EP by the Aquabats
- Released: 2004
- Recorded: Spring 2004
- Genre: Rock
- Length: 13:32
- Label: The Aquabats Music
- Producer: Adam Deibert; the Aquabats;

The Aquabats chronology
| Myths, Legends and Other Amazing Adventures, Vol. 2 (2000) | Yo! Check Out This Ride! EP (2004) | Charge!! (2005) |

= Yo! Check Out This Ride! EP =

Yo! Check Out This Ride! EP is an EP by American band the Aquabats, independently recorded and released by the band themselves in 2004.

==Overview==
After being dismissed from Goldenvoice Records in 2000 and subsequently failing to find another record label, the Aquabats entered an extended period of relative inactivity in the first half of the 2000s, delaying all plans for extensive touring or future recording due to financial constraints. Yo! Check Out This Ride!!, the Aquabats' first self-produced album since 1996's The Return of the Aquabats, was recorded to both appease the band's fanbase after four years of no new material, as well as to serve as a potential demo to attract interest from record labels. This would ultimately prove successful, as the Aquabats were signed to Nitro Records later in the year.
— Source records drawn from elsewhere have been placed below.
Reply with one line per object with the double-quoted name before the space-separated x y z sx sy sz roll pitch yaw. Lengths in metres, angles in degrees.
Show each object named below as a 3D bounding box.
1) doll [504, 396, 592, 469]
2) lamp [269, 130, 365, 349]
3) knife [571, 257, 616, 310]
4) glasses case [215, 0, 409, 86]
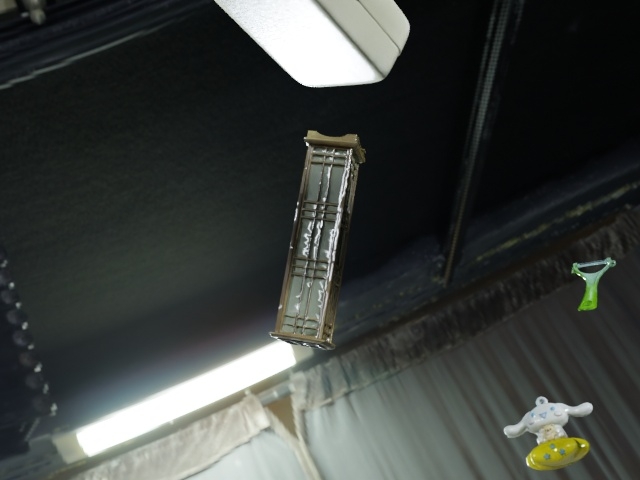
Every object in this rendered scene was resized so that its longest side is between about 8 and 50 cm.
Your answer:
"doll" 0.367 0.296 1.231 0.135 0.113 0.071 -41 -42 4
"lamp" 0.000 0.000 1.218 0.089 0.326 0.090 7 -11 14
"knife" 0.471 0.080 1.371 0.078 0.023 0.166 -17 22 29
"glasses case" -0.055 -0.260 0.714 0.313 0.131 0.070 39 -111 -38
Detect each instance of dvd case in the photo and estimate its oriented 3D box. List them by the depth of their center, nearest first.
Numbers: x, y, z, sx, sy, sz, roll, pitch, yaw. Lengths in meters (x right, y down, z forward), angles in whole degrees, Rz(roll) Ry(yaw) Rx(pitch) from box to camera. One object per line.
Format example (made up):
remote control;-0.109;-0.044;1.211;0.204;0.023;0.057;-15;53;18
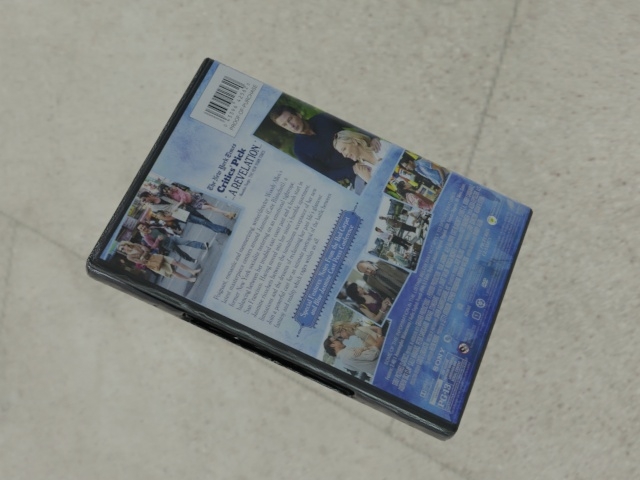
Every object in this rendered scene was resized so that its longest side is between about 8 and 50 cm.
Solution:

Yo! Check Out This Ride! was recorded during a transitional period in the Aquabats' career. Following the departure of trumpeter and co-founder Catboy in 2002, the band had dropped their once characteristic horn section and predominant ska elements to focus more exclusively on the guitar and synthesizer-driven rock and new wave influences which had dominated their previous studio album. Musically, the album showcases a hip hop-tinged rock song in the title track and straight synthpop in "Todd-1 in Space Mountain Land!", while featuring cover songs from power pop bands the Plimsouls and the Kinks, and vocal group the Kids of Widney High.
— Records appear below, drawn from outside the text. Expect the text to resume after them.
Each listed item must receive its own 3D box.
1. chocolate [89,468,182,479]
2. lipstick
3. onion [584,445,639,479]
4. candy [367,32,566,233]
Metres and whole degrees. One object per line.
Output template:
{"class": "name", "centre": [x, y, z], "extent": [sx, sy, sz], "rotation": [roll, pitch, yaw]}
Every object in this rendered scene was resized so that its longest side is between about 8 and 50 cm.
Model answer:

The EP was the first Aquabats album to feature drummer Ricky Fitness, who joined the band in 2002, as well as the final to feature original member Prince Adam as an official member. The cover art, depicting a horseback Aquabat lassoing a dinosaur-like creature, was painted by Brandon Bird.

==Reception==
Scott Auth of Punknews.org gave Yo! Check Out This Ride! 3½ out of 5 stars, writing "Musically this isn’t the greatest work they’ve ever prepared; sadly there's not a trace of ska to be found on Yo! Check Out This Ride! As heartbreaking as that is, it's still a quality EP worthy of purchase."

==Track listing==

| No. | Title | Writer(s) | Length |
|---|---|---|---|
| 1. | "Yo! Check Out This Ride!" | The Aquabats | 3:32 |
| 2. | "Todd-1 in Space Mountain Land!" | The Aquabats | 1:31 |
| 3. | "Zero Hour!" | The Plimsouls | 2:07 |
| 4. | "Big Sky!" | The Kinks | 3:03 |
| 5. | "Throw Away the Trash!" | The Kids of Widney High | 3:19 |

===Previous versions===
- A demo version of "Todd-1 in Space Mountain Land!", an outtake from the Floating Eye of Death! recording sessions, was first released on The Aquabats' website in the early 2000s.

==Personnel==
===The Aquabats===
- The MC Bat Commander – vocals
- Crash McLarson – bass guitar
- Jimmy The Robot – saxophone, keyboards
- Prince Adam – rhythm guitar, synthesizer, trumpet
- Chainsaw, Prince of Karate – lead guitar
- Ricky Fitness – drums

===Production===
- Produced, engineered and mixed by Adam Deibert and the Aquabats
- Mastered by Alex Reverberi
- Recorded at "Global International Worldwide Studios" in Santa Ana, California and "The Deibert Ranch Studios" in Huntington Beach, California.